■ PROBLEM DETAILS: Copy each line from the listing below where the word "Arizona" shows up.

■ AVAILABLE DATA:

***

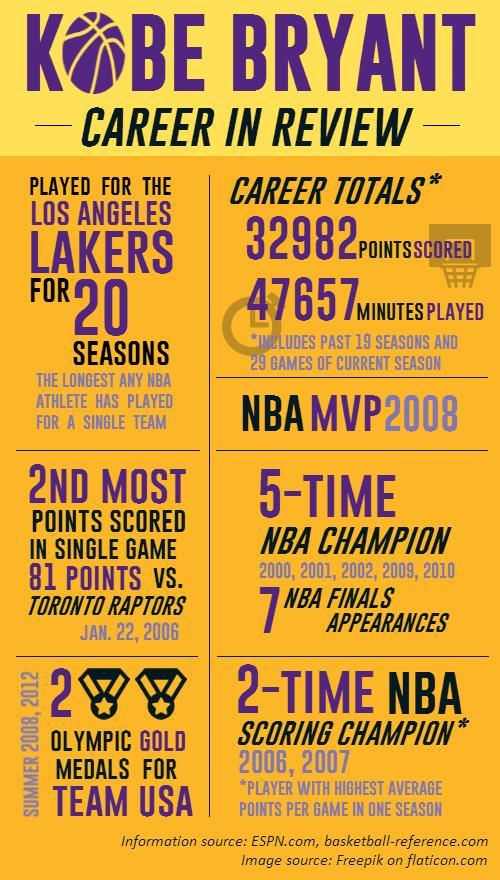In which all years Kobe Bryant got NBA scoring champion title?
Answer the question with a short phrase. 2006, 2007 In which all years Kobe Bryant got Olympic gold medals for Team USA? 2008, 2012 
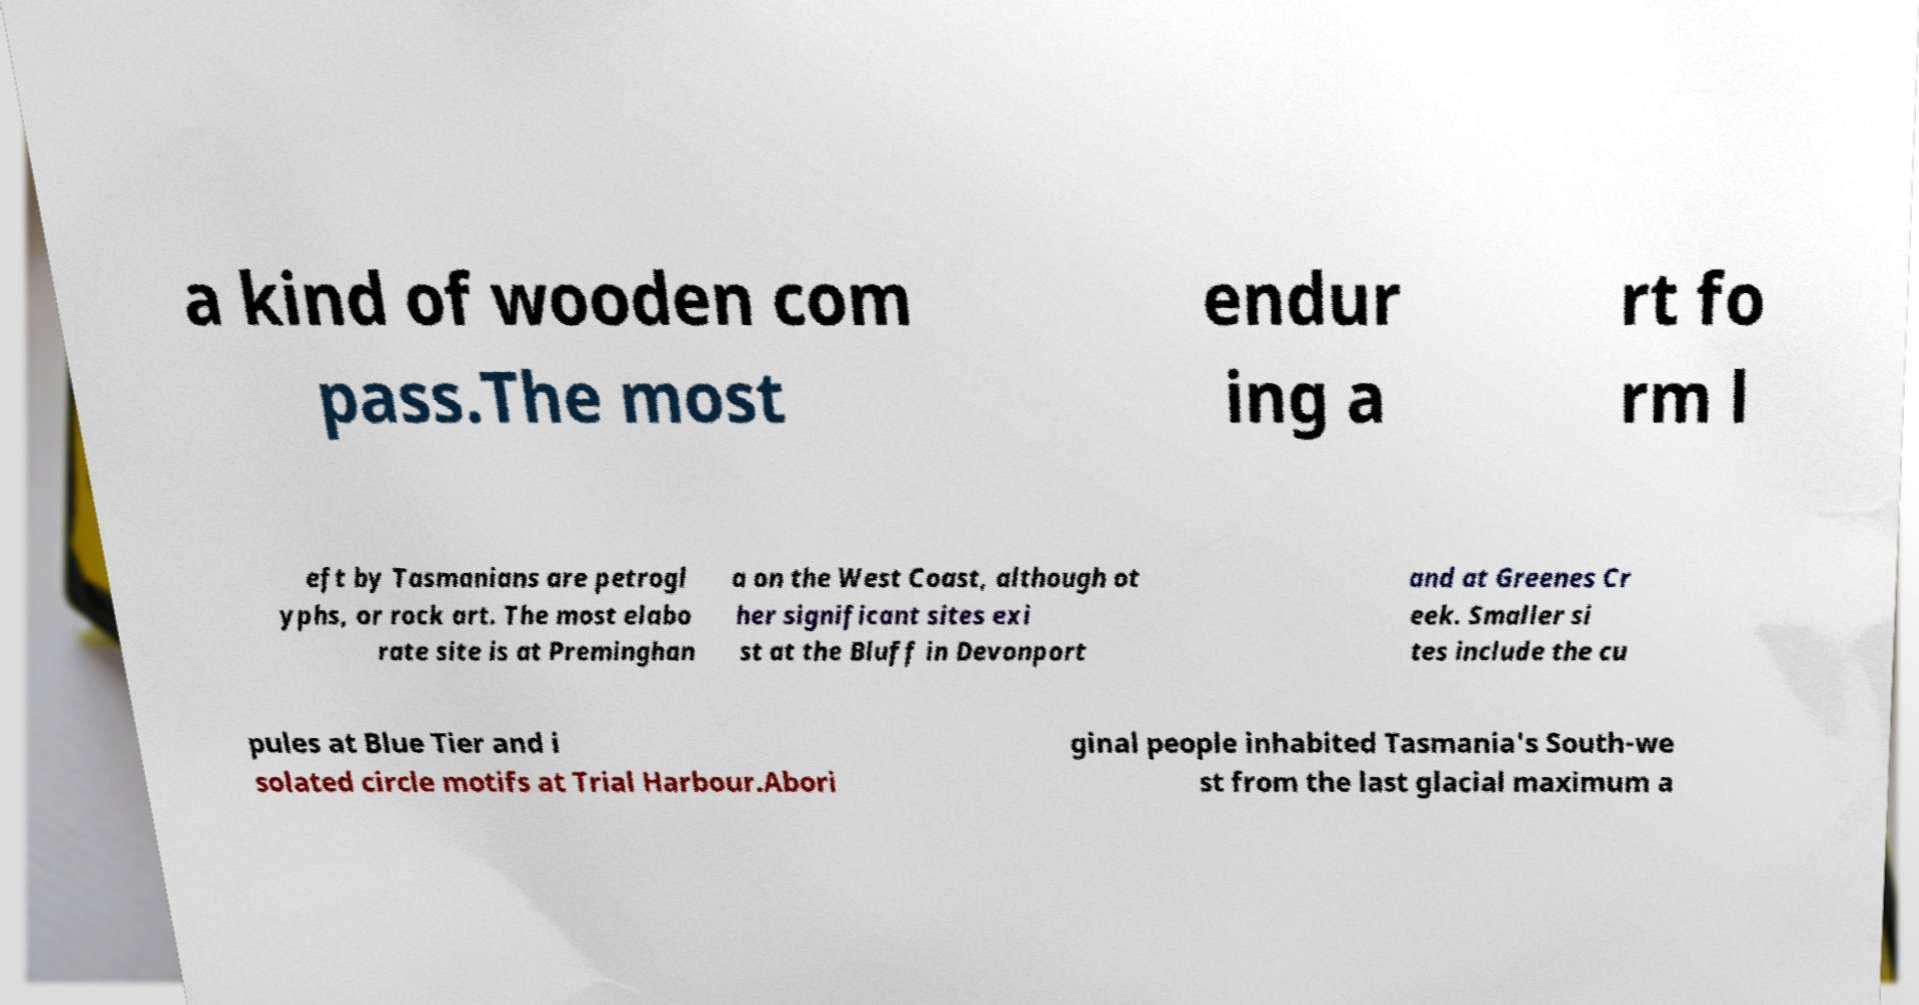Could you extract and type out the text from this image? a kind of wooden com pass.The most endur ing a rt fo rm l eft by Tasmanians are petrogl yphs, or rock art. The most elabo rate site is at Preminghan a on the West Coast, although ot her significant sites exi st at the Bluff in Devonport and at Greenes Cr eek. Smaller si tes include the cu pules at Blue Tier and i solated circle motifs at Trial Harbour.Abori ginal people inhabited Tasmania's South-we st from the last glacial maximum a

***

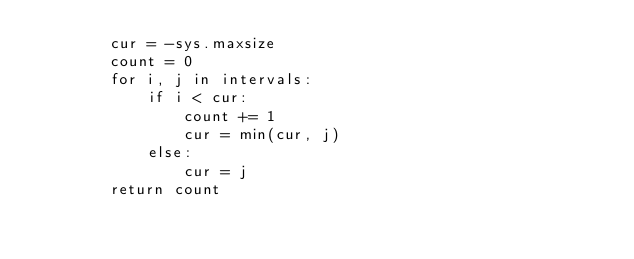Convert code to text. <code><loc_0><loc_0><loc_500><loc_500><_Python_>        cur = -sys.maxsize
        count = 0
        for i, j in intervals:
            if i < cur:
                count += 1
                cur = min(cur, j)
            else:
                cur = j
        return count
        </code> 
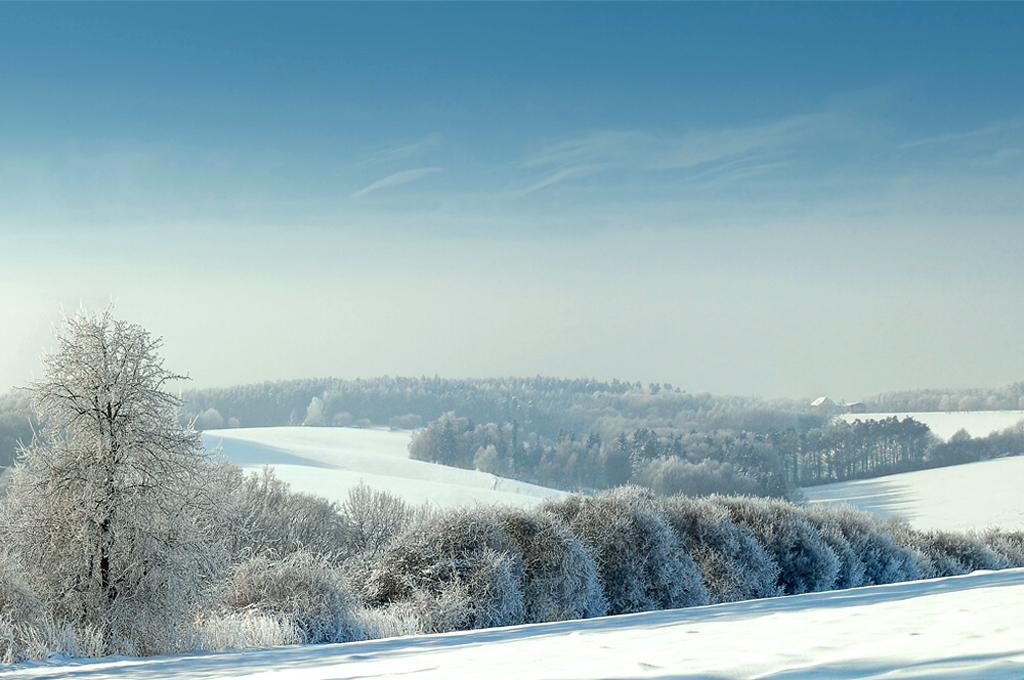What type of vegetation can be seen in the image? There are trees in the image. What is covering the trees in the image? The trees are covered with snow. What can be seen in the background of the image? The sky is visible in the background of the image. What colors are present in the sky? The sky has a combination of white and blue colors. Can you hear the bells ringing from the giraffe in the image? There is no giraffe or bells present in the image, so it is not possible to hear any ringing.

***

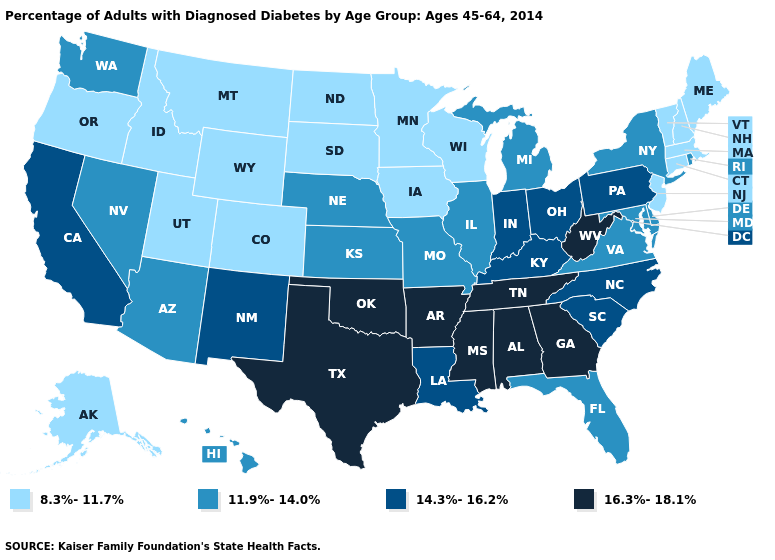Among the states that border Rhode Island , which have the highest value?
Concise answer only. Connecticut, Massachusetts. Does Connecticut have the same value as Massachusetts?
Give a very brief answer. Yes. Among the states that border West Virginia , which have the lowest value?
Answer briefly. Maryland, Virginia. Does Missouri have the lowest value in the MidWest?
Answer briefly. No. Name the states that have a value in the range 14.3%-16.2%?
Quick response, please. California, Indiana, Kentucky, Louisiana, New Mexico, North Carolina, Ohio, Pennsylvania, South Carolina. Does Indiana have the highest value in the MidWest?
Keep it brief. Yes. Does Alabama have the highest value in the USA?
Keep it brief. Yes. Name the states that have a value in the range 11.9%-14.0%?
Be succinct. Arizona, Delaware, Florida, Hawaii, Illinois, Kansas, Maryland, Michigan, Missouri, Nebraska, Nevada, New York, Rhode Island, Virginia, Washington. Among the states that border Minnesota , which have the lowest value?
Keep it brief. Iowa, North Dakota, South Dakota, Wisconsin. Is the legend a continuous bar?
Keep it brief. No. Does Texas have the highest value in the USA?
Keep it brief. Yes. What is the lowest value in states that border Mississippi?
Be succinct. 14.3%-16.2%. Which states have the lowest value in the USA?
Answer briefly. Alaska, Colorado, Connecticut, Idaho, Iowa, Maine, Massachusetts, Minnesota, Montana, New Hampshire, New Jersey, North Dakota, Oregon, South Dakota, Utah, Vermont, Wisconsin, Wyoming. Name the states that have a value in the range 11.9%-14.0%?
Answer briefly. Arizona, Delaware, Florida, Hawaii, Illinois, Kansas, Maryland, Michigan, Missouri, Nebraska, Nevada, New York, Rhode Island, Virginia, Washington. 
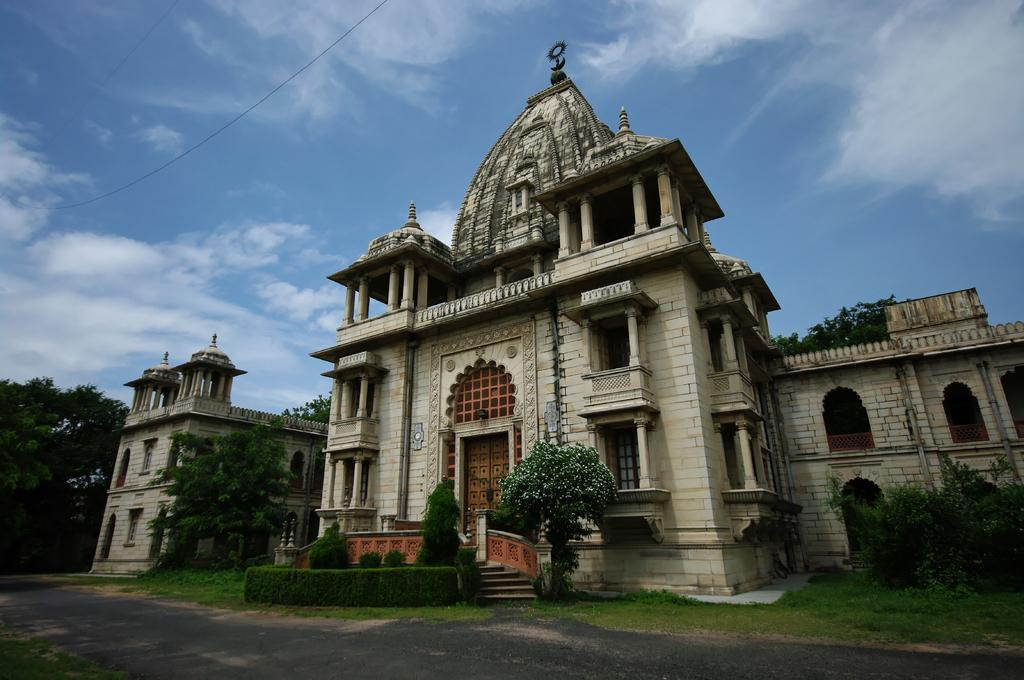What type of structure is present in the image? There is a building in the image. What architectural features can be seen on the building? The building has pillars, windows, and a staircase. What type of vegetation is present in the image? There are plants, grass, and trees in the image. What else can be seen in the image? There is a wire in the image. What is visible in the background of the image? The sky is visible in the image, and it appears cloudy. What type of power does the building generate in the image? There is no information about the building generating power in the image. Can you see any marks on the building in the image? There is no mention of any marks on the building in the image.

***

■ SOLUTION FOR THIS EXERCISE:
Be succinct. Arizona, Delaware, Florida, Hawaii, Illinois, Kansas, Maryland, Michigan, Missouri, Nebraska, Nevada, New York, Rhode Island, Virginia, Washington. Among the states that border Minnesota , which have the lowest value?
Answer briefly. Arizona, Delaware, Florida, Hawaii, Illinois, Kansas, Maryland, Michigan, Missouri, Nebraska, Nevada, New York, Rhode Island, Virginia, Washington. 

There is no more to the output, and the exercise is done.